• [THE TASK] Below is a listing. Write out exactly its lines between the one holding "30.5l.3-.3h8.8l2.4 2.4v3.6l2.6 2.6" and the one holding "18.4l.5-.1 .5 .6", inclusive.

# # # #

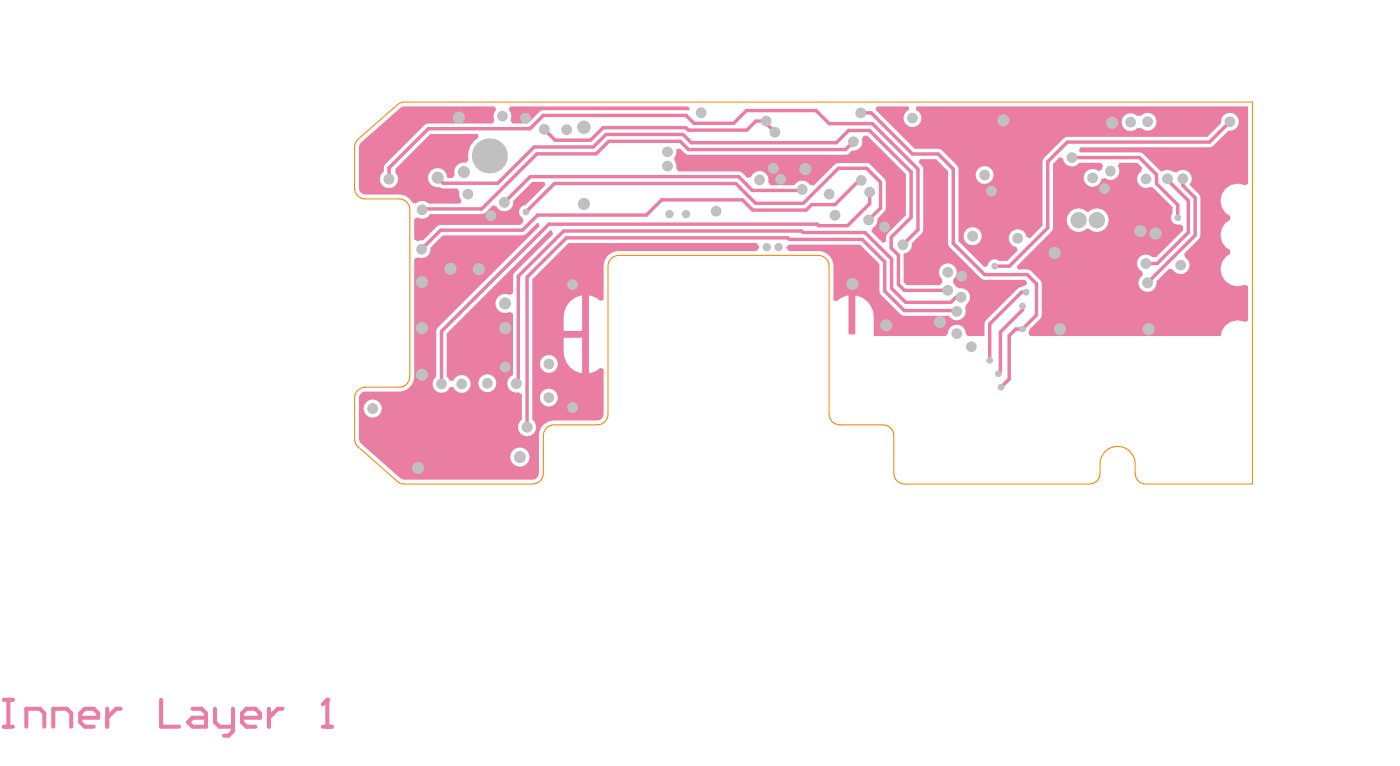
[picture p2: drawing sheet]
<svg xmlns="http://www.w3.org/2000/svg" width="173mm" height="95mm" viewBox="0 0 173 95" stroke-linecap="round" stroke-linejoin="round" font-family="sans-serif">
<path d="M44.2 17.2l4.9-4.3 .5-.3h.3h104.7v47.1h-13.1a1.33 1.33 0 0 1-1.3-1.3 3 3 0 0 0-.8-2.7 2.17 2.17 0 0 0-2.3-.4 2.17 2.17 0 0 0-1.3 2 2.43 2.43 0 0 1-.3 1.9 1.33 1.33 0 0 1-1 .5h-22.8a1.33 1.33 0 0 1-1.3-1.3v-4.6a1.33 1.33 0 0 0-1.4-1.4h-5.3a1.33 1.33 0 0 1-1.3-1.3v-18.2a1.33 1.33 0 0 0-1.4-1.4h-24.6a1.33 1.33 0 0 0-1.3 1.4v18.2a1.33 1.33 0 0 1-1.4 1.3h-5.3a1.33 1.33 0 0 0-1.3 1.4v4.6a1.33 1.33 0 0 1-1.4 1.3h-16.1l-.5-.3-4.9-4.2a1.32 1.32 0 0 1-.4-1v-5.1a1.33 1.33 0 0 1 1.3-1.3h4.2a1.33 1.33 0 0 0 1.3-1.3v-20.6a1.33 1.33 0 0 0-1.3-1.4h-4.2a1.33 1.33 0 0 1-1.3-1.3v-5a1.32 1.32 0 0 1 .4-1z" fill="none" stroke="#fd8300" stroke-width=".12"/>
<g fill="#e97da2">
<path d="M63 13.1h22l.2 .4-.2 .1h-17.9l-.5 .2-1.4 1.4h-2l-.2-.4a1.07 1.07 0 0 0-.2-1.2z"/>
<path d="M51.1 27l.5-.2a1.05 1.05 0 0 0 1.5-.4h6.4l.4-.2 .9-.9 .5 .2a1.09 1.09 0 0 0 1.3 .5 1.09 1.09 0 0 0 .8-1.2l2.3-2.4h1.5l.2 .4-2.5 2.5a.83 .83 0 0 0-.8 .7 .83 .83 0 0 0 .4 .9l.1 .5-.3 .4h-10.1l-2 1.9-.6 .1-.5-.2z"/>
<path d="M44.6 17.6l4.8-4.2 .4-.2 11.3-.1 .2 .5a1.07 1.07 0 0 0-.2 1.2l-.3 .4-8.2 .1-5 5-.2 .2v.7a1.12 1.12 0 0 0-.2 1.6 1.12 1.12 0 0 0 1.6 .1 1.12 1.12 0 0 0 0-1.6v-.4l4.4-4.4h5.8l.1 .5a2.6 2.6 0 0 0-1.3 2.7l-.3 .4a1.15 1.15 0 0 0-1.4 1.4l-.2 .5h-.6a1.19 1.19 0 0 0-1.3-1.3 1.19 1.19 0 0 0-1.1 1.3 1.19 1.19 0 0 0 1.4 1.1l.4 .2h1.8l.2 .4v.3v.4l.3 .3-.2 .4h-3.9a1.08 1.08 0 0 0-1.5 0l-.5-.1a1.88 1.88 0 0 0-1.6-1h-4.2l-.3-.1-.3-.2-.2-.5v-5l.1-.3z"/>
<path d="M97.1 30.5l.3-.3h8.8l2.4 2.4v3.6l2.6 2.6 .4 .2h5.6a1.1 1.1 0 0 0 1.4 .4 1.1 1.1 0 0 0 .6-1.4l.2-.5a1.08 1.08 0 0 0 .3-1.3 1.08 1.08 0 0 0-1.2-.6l-.4-.2-.4-.4v-.5a1.1 1.1 0 0 0 .1-1.6 1.1 1.1 0 0 0-1.6-.1 1.1 1.1 0 0 0 .1 1.6l.1 .5-.4 .3h-4.1l-.3-.4-.1-3.5a1.07 1.07 0 0 0 1.1-1.3l1.2-1.2 .2-.4v-7.5l-.2-.5-.4-.4 .2-.3h2l1.5 1.4v8.9l.1 .5 4.1 4h5.3l.2 .4-.1 .3-1 .4-4 3.9-.1 .5v1.5h-2.1l-.3-.3a1.11 1.11 0 0 0-1.1-1.1 1.11 1.11 0 0 0-1.1 1.1l-.2 .3h-8.9v-2.4a2.65 2.65 0 0 0-2.3-2.6v4.8h-.8v-4.8l-1 .3-.5 .4-.4-.1v-4.2a1.87 1.87 0 0 0-1.9-1.9h-3.6z"/>
<path d="M83.5 18.4l.5-.1 .5 .6 .5 .2h19.4h.3l.5-.5a1.07 1.07 0 0 0 1.2-1.4l.3-.4h.4l4.8 4.7v5.1l-2.3 2.2-.2 .5v.5l-.4 .2-1.4-1.4 .1-.5a1.02 1.02 0 0 0 .6-1.1l1-1.1 .1-3.4-.2-.5-1.9-1.8h-4l-2.8 2.7-.5-.1a1.07 1.07 0 0 0-1.9 .1h-3l-.2-.5a1.1 1.1 0 0 0-.8-1.3 1.1 1.1 0 0 0-1.4 .7l-.4 .2-.6-.7-.5-.1h-7.4l-.3-.5a1.6 1.6 0 0 0-.3-1.1 1.92 1.92 0 0 0 .3-1.2z"/>
<path d="M51.1 32l.5-.3a1.08 1.08 0 0 0 1.1 0 1.08 1.08 0 0 0 .4-1.1l1.6-1.5h9.8l.5-.2 1.4-1.4 .2 .4-12.5 12.5-.2 .5v5.6a1.1 1.1 0 0 0-.1 1.8 1.1 1.1 0 0 0 1.7-.5h.5a1.11 1.11 0 0 0 1.7 .5 1.11 1.11 0 0 0 0-1.8 1.11 1.11 0 0 0-1.7 .5h-.5l-.3-.5v-5.3l12.7-12.8h.2l.2 .5-4.9 4.9-.1 2.4-.4 .2a1.18 1.18 0 0 0-1.7 1.1 1.18 1.18 0 0 0 1.7 1l.4 .2v7.6a1.11 1.11 0 0 0-.6 1.4 1.11 1.11 0 0 0 1.3 .7l.4 .3v3.1a1.11 1.11 0 0 0-.2 1.7 1.11 1.11 0 0 0 1.7 0 1.11 1.11 0 0 0-.2-1.7v-17.3l4.5-4.5h23.2l.3 .4v.2l-.3 .4h-17a1.88 1.88 0 0 0-1.9 1.9v4.1l-.4 .1-.5-.3-.9-.3v9.6l.9-.3 .5-.4 .4 .1v5.8l-.3 .4-.5 .2h-5.3a1.88 1.88 0 0 0-1.9 1.9v4.6l-.1 .5-.5 .3h-16.1l-.4-.2-4.8-4.2-.2-.3-.1-.4v-5l.2-.5 .3-.2 .3-.1h4.2a1.88 1.88 0 0 0 1.8-1.8zM70.4 37.2l-.4 .6-.3 .6-.1 .7v1.7h2.3v-4.3l-1 .3zM66.7 44.9a1.11 1.11 0 0 0 2.2 0 1.11 1.11 0 0 0-2.2 0zM69.6 41.7v1.7a2.64 2.64 0 0 0 2.3 2.7v-4.4zM59.1 47.3a1.11 1.11 0 0 0 2.2 0 1.11 1.11 0 0 0-2.2 0zM66.7 49.1a1.11 1.11 0 0 0 2.2 0 1.11 1.11 0 0 0-2.2 0zM44.9 50.4a1.13 1.13 0 0 0 2.2 0 1.13 1.13 0 0 0-2.2 0zM63 56.4a1.2 1.2 0 0 0 2.4 0 1.2 1.2 0 0 0-2.4 0z"/>
<path d="M108.3 13.1h3.9v.5a1.11 1.11 0 0 0-.4 1.7 1.11 1.11 0 0 0 1.7 0 1.11 1.11 0 0 0-.4-1.7v-.5h41v9.6l-.4 .2a2.12 2.12 0 0 0-2.8 1 2.12 2.12 0 0 0 1 2.8v.4a2.12 2.12 0 0 0-1.2 1.9 2.12 2.12 0 0 0 1.2 1.9v.4a2.12 2.12 0 0 0-1 2.8 2.12 2.12 0 0 0 2.8 1l.4 .2v4.3l-.4 .1a2.08 2.08 0 0 0-3 1.8h-23.5l-.2-.4 .1-.4 1.5-1.6v-4.1l-.2-.4-1.1-1.2-.5-.1h-1.1l-.2-.4 4.5-4.5v-8.2l.8-.8 .5 .2a1.08 1.08 0 0 0 .8 .9 1.08 1.08 0 0 0 1.1-.4h2.8l.2 .4-.2 .4-.4 .2a1.1 1.1 0 0 0-1.7 .3 1.1 1.1 0 0 0 .6 1.6 1.1 1.1 0 0 0 1.5-.9l.4-.1a1.09 1.09 0 0 0 1.5-.1 1.09 1.09 0 0 0 .1-1.4l.2-.4h2.2l.6 .6-.1 .5a1.09 1.09 0 0 0-.4 1.5 1.09 1.09 0 0 0 1.5 .4h.3l2.5 2.5v.7a.84 .84 0 0 0-.1 1 .84 .84 0 0 0 1 .4l.4 .3v.4l-3.4 3.4-.4-.1a1.11 1.11 0 0 0-1.7 .2 1.11 1.11 0 0 0 .4 1.6l.1 .5a1.11 1.11 0 0 0 .1 1.9 1.11 1.11 0 0 0 1.6-1.2l1.6-1.5 .4 .1a1.09 1.09 0 0 0 1.8 .2 1.09 1.09 0 0 0-.3-1.7l-.1-.5 1.8-1.8 .2-.5v-4.8l-1.3-1.4a1.11 1.11 0 0 0-.1-1.5 1.11 1.11 0 0 0-1.5 0l-.5-.1a1.01 1.01 0 0 0-1.2 0l-.3-.1-2.4-2.2-7.5-.1-.2-.2 .2-.4h15.9l.5-.2 1.9-1.9a1.1 1.1 0 0 0 1.3-1 1.1 1.1 0 0 0-1.2-1.2 1.1 1.1 0 0 0-1 1.3l-1.7 1.7h-17.6l-2.7 2.8-.1 8.2-1.5 1.5-.5-.2a1.1 1.1 0 0 0-1.1-.9 1.1 1.1 0 0 0-1 1 1.1 1.1 0 0 0 .9 1.2l.2 .4-1.3 1.3h-1a.84 .84 0 0 0-.9-.1 .84 .84 0 0 0-.5 .7l-.5 .2-3.2-3.2v-8.9l-.1-.5-2.1-2h-3.2l-4.8-4.8zM138.8 14.3a1.11 1.11 0 0 0 0 1.6 1.11 1.11 0 0 0 1.6-.1h.5a1.11 1.11 0 0 0 1.6 0 1.11 1.11 0 0 0 0-1.6 1.11 1.11 0 0 0-1.6 .1h-.5a1.11 1.11 0 0 0-1.6 0zM120.5 21.6a1.11 1.11 0 0 0 2.2 0 1.11 1.11 0 0 0-2.2 0zM132.1 26.1a1.46 1.46 0 0 0 0 2.1 1.46 1.46 0 0 0 2.1 0h.2a1.47 1.47 0 0 0 2.1 0 1.47 1.47 0 0 0 0-2.1 1.47 1.47 0 0 0-2.1 0h-.2a1.47 1.47 0 0 0-2.1 0zM119 29.2a1.13 1.13 0 0 0 2.2 0 1.13 1.13 0 0 0-2.2 0z"/>
</g>
<g fill="none" stroke="#e97da2" stroke-width=".42">
<path d="M65.6 15.7h.1M67.2 16l1.3 1.3h4.4l1.6-1.5h10.2l.3 .3h7.2l1.1-1.2h1.3v.3l1.1 1.1M105.4 17.5l-1 1h-19.4l-1-1.1h-8.8l-1.6 1.6h-7.3l-6.8 6.8h-7.2l-.2 .1M106.3 13.9h1.3l5.1 5.1h3.1l1.9 1.9v9.1l3.9 3.9h5.2l1.2 1.1v3.9l-1.7 1.7h-.9l-.8 .8v5.4l-1 1M132.3 19.5h8.4l2.1 2.1v1.1l2.6 2.6v1.6M151.9 15l-2.6 2.5h-17.5l-2.4 2.5v8.1l-4.8 4.8h-1.8M48 22.1h.1M48 20.7v1.4M48 20.7h.1M48 20.7l4.9-4.8h12.5l1.7-1.7h17.6l1 1h4.9l1.6-1.6h8.6l1.6 1.7h5.3l5.6 5.6v7.5l-1.8 1.8M54 21.9l.7 .7h6.8l4.4-4.5h7.4l1.5-1.5h9.5l1.1 1h17.9l1.5-1.5h2.6l5.1 5.1v5.6l-2.5 2.5v1.3l.9 .9v3.6l.8 .7h5.3M64.9 26.2l3.6-3.6h22.4l2.4 2.5h5.9l4.3-4.3h3.5l1.7 1.7v3.2l-1.5 1.5"/>
<path d="M91.3 23.1h.1M92.2 22.8h.1M99.1 23.4l.1 .1h-6.3l-1.7-1.7h-25.7l-3.2 3.2M106.3 22.3h-.2l-3 3h-2.9l-.7 .6h-6.6l-1.2-1.2h-10l-1.9 1.8h-13.4l-1.9 1.9h-10.1l-2.3 2.4M107.4 23.7v1.4l-2.8 2.8h-3.5l-.2-.2h-33.1l-13.3 13.2v6.5M118.1 38.4l-.1-.1h-6.4l-2.4-2.4v-3.6l-2.7-2.8h-9l-.2-.1h-27.4l-4.8 4.8v18.5M118.7 36.7h-.6l-.7 .6h-5.6l-1.7-1.7v-3.6l-3.3-3.3h-7.6l-.2-.2h-29.4l-5.6 5.6v13l-.3 .2M126.3 37.8v.5l-2.8 2.7v4.9l-.2 .2M126.7 36.1h-.6l-3.9 3.9v4.5M144.2 21.7v.4M144.5 22.6l2.2 2.2v3.9l-3.8 3.8h-1.4M146 22.1v.8l1.6 1.5v4.6l-5.9 5.9"/>
<path d="M118.1 41v.2"/>
</g>
<g fill="none" stroke="#e97da2" stroke-width=".5">
<path d="M.5 86.4h1.1M.5 89.7h1.1M1 86.4v3.3M3.3 89.7v-2.2h1.6l.6 .5v1.7M6.6 89.7v-2.2h1.6l.6 .5v1.7M9.9 88.6h2.2v-.6l-.5-.5h-1.1l-.6 .5v1.1l.6 .6h1.1M13.2 87.5v2.2M14.9 87.5h-.6l-1.1 1.1M19.9 86.4v3.3h2.2M23.8 87.5h1.1l.5 .5v1.7h-1.6l-.6-.6 .6-.5h1.6M26.5 87.5v1.6l.6 .6h1.7M28.8 87.5v2.7l-.6 .6h-.5"/>
<path d="M29.9 88.6h2.2v-.6l-.6-.5h-1.1l-.5 .5v1.1l.5 .6h1.1M33.2 87.5v2.2M34.9 87.5h-.6l-1.1 1.1M39.9 89.7h1.1M40.4 86.4v3.3"/>
</g>
<circle cx="40.4" cy="86.4" r=".25" fill="#e97da2"/>
<path d="M40.4 86.4l-.5 .5" fill="none" stroke="#e97da2" stroke-width=".5"/>
<g fill="#c0c0c0">
<circle cx="103.1" cy="26.6" r=".67"/>
<circle cx="107.2" cy="27.2" r=".67"/>
<circle cx="102.4" cy="24" r=".67"/>
<circle cx="112.7" cy="14.6" r=".67"/>
<circle cx="105.2" cy="35" r=".75"/>
<circle cx="116.1" cy="39.7" r=".75"/>
<circle cx="118.1" cy="41.2" r=".67"/>
<circle cx="84.7" cy="26.4" r=".52"/>
<circle cx="82.7" cy="26.4" r=".52"/>
<circle cx="88.4" cy="26.1" r=".67"/>
<circle cx="96.1" cy="30.5" r=".52"/>
<circle cx="94.7" cy="30.5" r=".52"/>
<circle cx="135.4" cy="27.2" r="1.01"/>
<circle cx="60.6" cy="26.6" r=".67"/>
<circle cx="72.1" cy="15.7" r=".83"/>
<circle cx="64.9" cy="14.6" r=".67"/>
<circle cx="70.7" cy="35.1" r=".67"/>
<circle cx="82.4" cy="18.7" r=".67"/>
<circle cx="82.4" cy="20.5" r=".67"/>
<circle cx="144.2" cy="22.1" r=".67"/>
<circle cx="141.5" cy="22.1" r=".67"/>
<circle cx="146" cy="22.1" r=".67"/>
<circle cx="137.1" cy="21.1" r=".67"/>
<circle cx="136.4" cy="23.3" r=".67"/>
<circle cx="137.3" cy="15.2" r=".75"/>
<circle cx="109.2" cy="28" r=".67"/>
<circle cx="106.3" cy="22.3" r=".67"/>
<circle cx="94.6" cy="14.9" r=".67"/>
<circle cx="122.4" cy="23.6" r=".67"/>
<circle cx="107.4" cy="23.7" r=".67"/>
<circle cx="106.3" cy="13.9" r=".67"/>
<circle cx="105.4" cy="17.5" r=".67"/>
<circle cx="122.8" cy="32.9" r=".42"/>
<circle cx="132.3" cy="19.5" r=".67"/>
<circle cx="139.6" cy="15.1" r=".67"/>
<circle cx="141.7" cy="15" r=".67"/>
<circle cx="111.5" cy="30.2" r=".67"/>
<circle cx="72.1" cy="25.2" r=".75"/>
<circle cx="119.9" cy="42.8" r=".67"/>
<circle cx="130.2" cy="31.2" r=".75"/>
<circle cx="145.4" cy="26.9" r=".42"/>
<circle cx="99.1" cy="23.4" r=".67"/>
<circle cx="117" cy="33.6" r=".67"/>
<circle cx="134.9" cy="22" r=".67"/>
<circle cx="121.6" cy="21.6" r=".67"/>
<circle cx="133.2" cy="27.2" r="1.01"/>
<circle cx="142.7" cy="28.8" r=".75"/>
<circle cx="151.9" cy="15" r=".67"/>
<circle cx="62" cy="14.3" r=".67"/>
<circle cx="52.1" cy="46.3" r=".75"/>
<circle cx="56.7" cy="14.5" r=".75"/>
<circle cx="59.1" cy="33.2" r=".75"/>
<circle cx="55.6" cy="33.2" r=".75"/>
<circle cx="109.4" cy="40.2" r=".75"/>
<circle cx="123.6" cy="47.8" r=".42"/>
<circle cx="130.9" cy="40.6" r=".75"/>
<circle cx="126.3" cy="40.6" r=".42"/>
<circle cx="123.3" cy="46.1" r=".42"/>
<circle cx="126.3" cy="37.8" r=".42"/>
<circle cx="122.2" cy="44.5" r=".42"/>
<circle cx="125.7" cy="29.4" r=".67"/>
<circle cx="126.7" cy="36.1" r=".42"/>
<circle cx="67.8" cy="44.9" r=".67"/>
<circle cx="52.1" cy="30.8" r=".67"/>
<circle cx="52.1" cy="34.8" r=".75"/>
<circle cx="52.1" cy="25.9" r=".67"/>
<circle cx="96.4" cy="22.1" r=".67"/>
<circle cx="99.4" cy="20.9" r=".75"/>
<circle cx="67.2" cy="16" r=".67"/>
<circle cx="70" cy="16" r=".67"/>
<circle cx="67.8" cy="49.1" r=".67"/>
<circle cx="62.4" cy="40.5" r=".75"/>
<circle cx="60.2" cy="47.3" r=".67"/>
<circle cx="57" cy="47.4" r=".67"/>
<circle cx="62.4" cy="37.5" r=".75"/>
<circle cx="93.8" cy="22.2" r=".67"/>
<circle cx="95.5" cy="20.8" r=".67"/>
<circle cx="62.3" cy="25" r=".67"/>
<circle cx="57.8" cy="24" r=".67"/>
<circle cx="86.6" cy="13.9" r=".67"/>
<circle cx="64.9" cy="26.2" r=".42"/>
<circle cx="95.7" cy="16.3" r=".67"/>
<circle cx="145.8" cy="32.7" r=".67"/>
<circle cx="118.7" cy="36.7" r=".67"/>
<circle cx="117" cy="35.8" r=".67"/>
<circle cx="52.1" cy="40.5" r=".75"/>
<circle cx="141.8" cy="40.6" r=".75"/>
<circle cx="140.8" cy="28.5" r=".75"/>
<circle cx="141.7" cy="34.9" r=".68"/>
<circle cx="141.5" cy="32.5" r=".67"/>
<circle cx="118.8" cy="34.1" r=".67"/>
<circle cx="118.1" cy="38.4" r=".67"/>
<circle cx="123.9" cy="14.9" r=".75"/>
<circle cx="64.2" cy="56.4" r=".75"/>
<circle cx="46" cy="50.4" r=".68"/>
<circle cx="54.5" cy="47.4" r=".67"/>
<circle cx="51.6" cy="57.8" r=".75"/>
<circle cx="54" cy="21.9" r=".75"/>
<circle cx="57.3" cy="21.2" r=".75"/>
<circle cx="65.1" cy="52.7" r=".68"/>
<circle cx="63.7" cy="47.3" r=".68"/>
<circle cx="70.7" cy="50.3" r=".67"/>
<circle cx="62.4" cy="45.3" r=".67"/>
<circle cx="120.1" cy="29.2" r=".68"/>
<circle cx="48" cy="22.1" r=".68"/>
<circle cx="60.4" cy="19.2" r="2.16"/>
</g>
</svg>

# # # #

• [ANSWER AREA]
<path d="M97.1 30.5l.3-.3h8.8l2.4 2.4v3.6l2.6 2.6 .4 .2h5.6a1.1 1.1 0 0 0 1.4 .4 1.1 1.1 0 0 0 .6-1.4l.2-.5a1.08 1.08 0 0 0 .3-1.3 1.08 1.08 0 0 0-1.2-.6l-.4-.2-.4-.4v-.5a1.1 1.1 0 0 0 .1-1.6 1.1 1.1 0 0 0-1.6-.1 1.1 1.1 0 0 0 .1 1.6l.1 .5-.4 .3h-4.1l-.3-.4-.1-3.5a1.07 1.07 0 0 0 1.1-1.3l1.2-1.2 .2-.4v-7.5l-.2-.5-.4-.4 .2-.3h2l1.5 1.4v8.9l.1 .5 4.1 4h5.3l.2 .4-.1 .3-1 .4-4 3.9-.1 .5v1.5h-2.1l-.3-.3a1.11 1.11 0 0 0-1.1-1.1 1.11 1.11 0 0 0-1.1 1.1l-.2 .3h-8.9v-2.4a2.65 2.65 0 0 0-2.3-2.6v4.8h-.8v-4.8l-1 .3-.5 .4-.4-.1v-4.2a1.87 1.87 0 0 0-1.9-1.9h-3.6z"/>
<path d="M83.5 18.4l.5-.1 .5 .6 .5 .2h19.4h.3l.5-.5a1.07 1.07 0 0 0 1.2-1.4l.3-.4h.4l4.8 4.7v5.1l-2.3 2.2-.2 .5v.5l-.4 .2-1.4-1.4 .1-.5a1.02 1.02 0 0 0 .6-1.1l1-1.1 .1-3.4-.2-.5-1.9-1.8h-4l-2.8 2.7-.5-.1a1.07 1.07 0 0 0-1.9 .1h-3l-.2-.5a1.1 1.1 0 0 0-.8-1.3 1.1 1.1 0 0 0-1.4 .7l-.4 .2-.6-.7-.5-.1h-7.4l-.3-.5a1.6 1.6 0 0 0-.3-1.1 1.92 1.92 0 0 0 .3-1.2z"/>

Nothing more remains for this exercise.